I work 24 hours a week ok I know its not a lot and im starting to feel guilty for it but I have four children and its what works for us. I started a job as a care worker and asked specifically for 2 night shifts, they agreed then started giving me days of 6 hour shifts which was hardwork with the kids as it meant i was in more days than i had originally wanted. I was then put on two nights as i asked and have been since but on the days im not in they ring pretty much every single day for me to cover shifts and I feel so guilty keep saying no but I dont want extra shifts, i want to stick at what i asked for, I know theyre short staffed but why dont they just take on more staff! I went in last week and they were about to ask me to cover a shift and one of the younger girls (with no kids and no ties) said dont ask her she wont do it. It just made me feel so crap but im doing what hours ive asked for and to fit in with my kids. Its got to the point I dont want to answer my phone when it rings, are they within their rights to keep ringing me? I have told them I dont want extra hours

pippop1 Thu 03-Jan-13 16:28:01

Could you send a nicely worded letter by recorded delivery expressing what you say above?

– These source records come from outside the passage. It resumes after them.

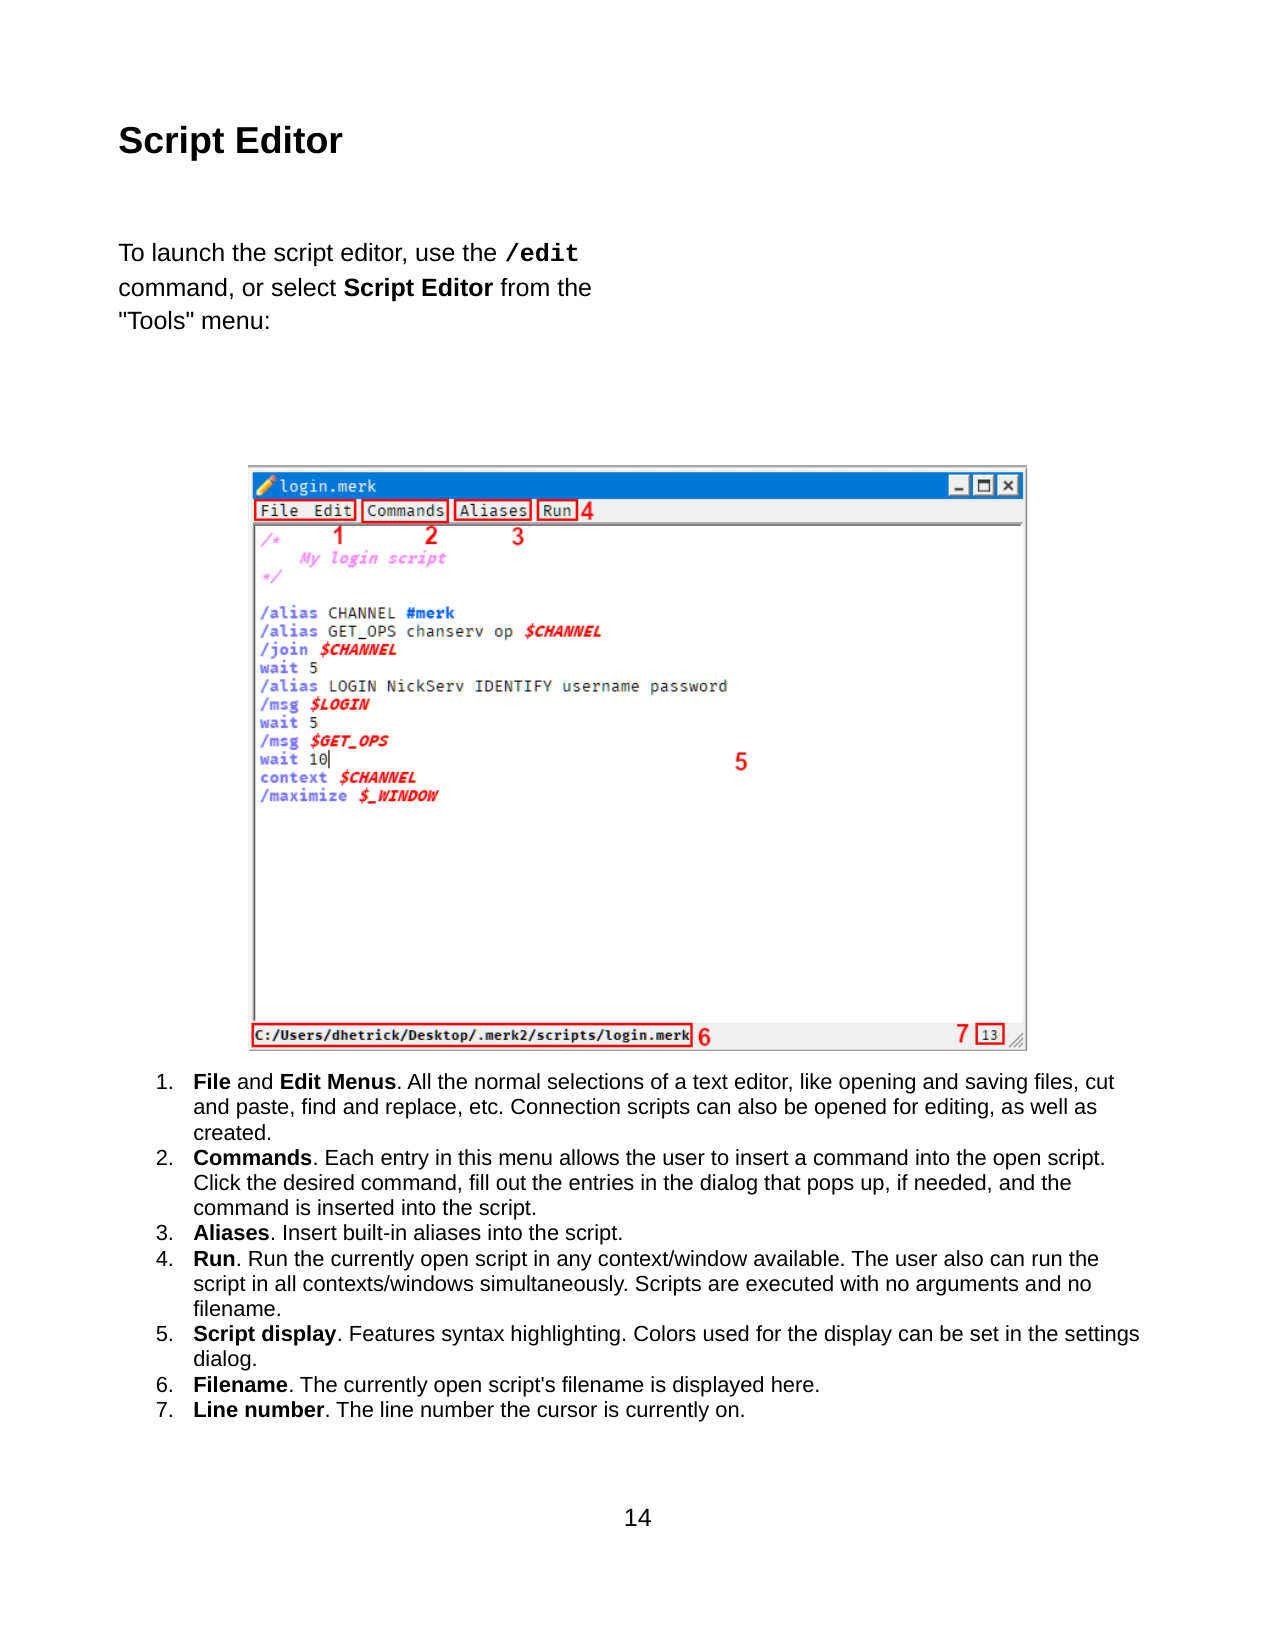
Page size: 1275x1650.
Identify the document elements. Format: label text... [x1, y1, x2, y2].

list Filename. The currently open script's filename is displayed here. [156, 1371, 1157, 1397]
list Aliases. Insert built-in aliases into the script. [156, 1220, 1157, 1245]
list Script display. Features syntax highlighting. Colors used for the display can be set in the settings dialog. [156, 1321, 1157, 1371]
list Line number. The line number the cursor is currently on. [156, 1397, 1157, 1422]
subtitle Script Editor [118, 118, 1157, 161]
table_header [638, 174, 1157, 417]
picture [248, 465, 1028, 1051]
list Commands. Each entry in this menu allows the user to insert a command into the open script. Click the desired command, fill out the entries in the dialog that pops up, if needed, and the command is inserted into the script. [156, 1144, 1157, 1220]
table_header To launch the script editor, use the /edit command, or select Script Editor from the "Tools" menu: [118, 174, 637, 417]
list File and Edit Menus. All the normal selections of a text editor, like opening and saving files, cut and paste, find and replace, etc. Connection scripts can also be opened for editing, as well as created. [156, 1069, 1157, 1144]
list Run. Run the currently open script in any context/window available. The user also can run the script in all contexts/windows simultaneously. Scripts are executed with no arguments and no filename. [156, 1245, 1157, 1321]
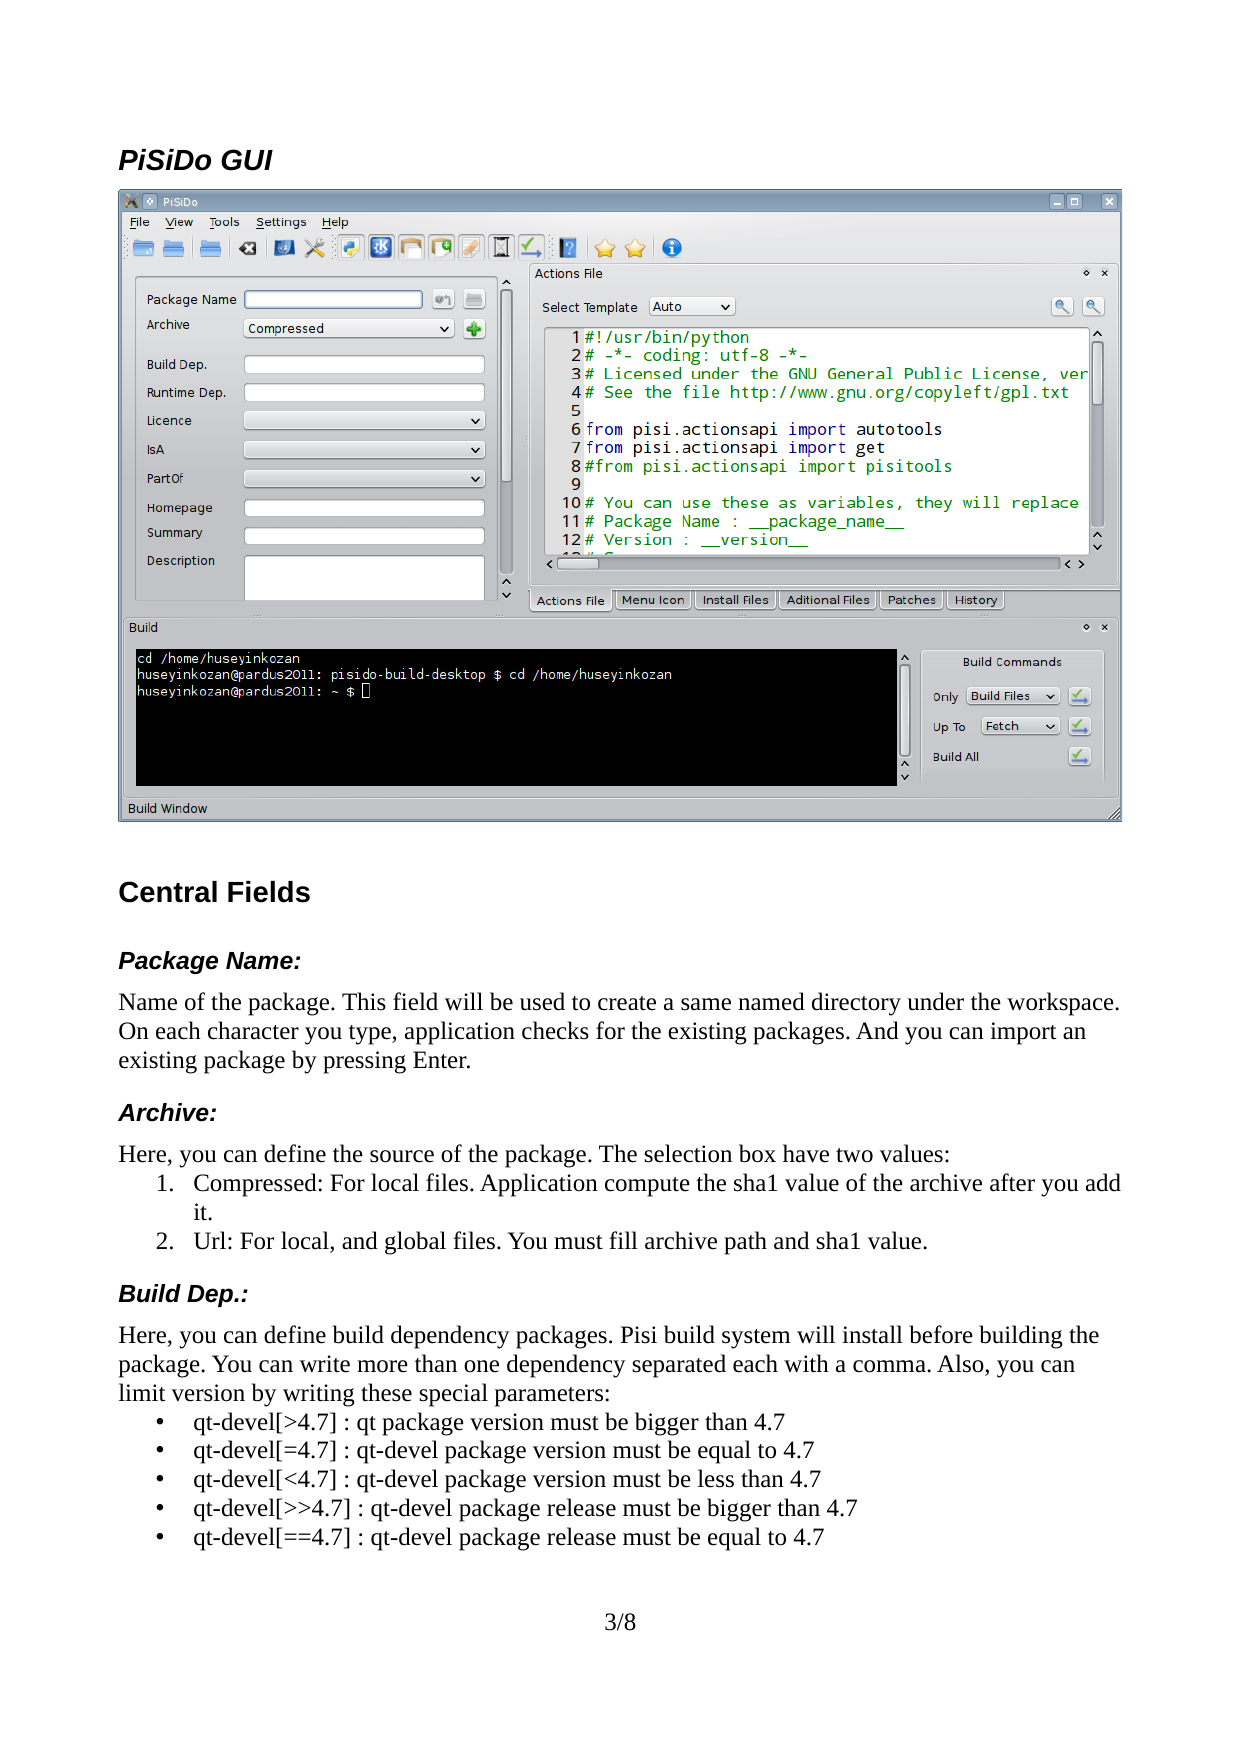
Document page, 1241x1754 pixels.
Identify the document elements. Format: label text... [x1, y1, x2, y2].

text Name of the package. This field will be used to create a same named directory under the workspace. On each character you type, application checks for the existing packages. And you can import an existing package by pressing Enter. [118, 987, 1122, 1073]
list qt-devel[==4.7] : qt-devel package release must be equal to 4.7 [156, 1522, 1122, 1551]
list qt-devel[>>4.7] : qt-devel package release must be bigger than 4.7 [156, 1493, 1122, 1522]
text Here, you can define build dependency packages. Pisi build system will install before building the package. You can write more than one dependency separated each with a comma. Also, you can limit version by writing these special parameters: [118, 1321, 1122, 1407]
subtitle Central Fields [118, 875, 1122, 909]
list qt-devel[=4.7] : qt-devel package version must be equal to 4.7 [156, 1436, 1122, 1464]
list qt-devel[>4.7] : qt package version must be bigger than 4.7 [156, 1407, 1122, 1436]
subtitle Archive: [118, 1098, 1122, 1127]
text Here, you can define the source of the package. The selection box have two values: [118, 1139, 1122, 1168]
subtitle PiSiDo GUI [118, 143, 1122, 177]
list qt-devel[<4.7] : qt-devel package version must be less than 4.7 [156, 1464, 1122, 1493]
list Compressed: For local files. Application compute the sha1 value of the archive after you add it. [156, 1168, 1122, 1226]
subtitle Package Name: [118, 946, 1122, 975]
subtitle Build Dep.: [118, 1279, 1122, 1308]
picture [118, 189, 1123, 822]
list Url: For local, and global files. You must fill archive path and sha1 value. [156, 1226, 1122, 1254]

Then if they still ring you can start moaning at them and say that you have made it clear what your wishes are.

higgle Thu 03-Jan-13 18:56:06

I run a care service and I'm afraid this is fairly typical. Quite a few staff who work for my organisation joined us because they were sick and tired of having to work extra shifts in other places. Because of high sickness levels, absenteeism ( in some places) and the fluctuations in work load it is very hard to get the right level of staff. I have a few lovely carers who want to work every hour they can and some who do not. If you do not want extra hours you should just draw this to their attention in a friendly letter and then just don't answer the phone when they call and you are not at work.

Mynewmoniker Thu 03-Jan-13 19:02:04

I think the op is telling us she doesn't want them to ring her on her time off. The guilt this encourages is awful. She shouldn't have to ignore the phone...they shouldn't ring.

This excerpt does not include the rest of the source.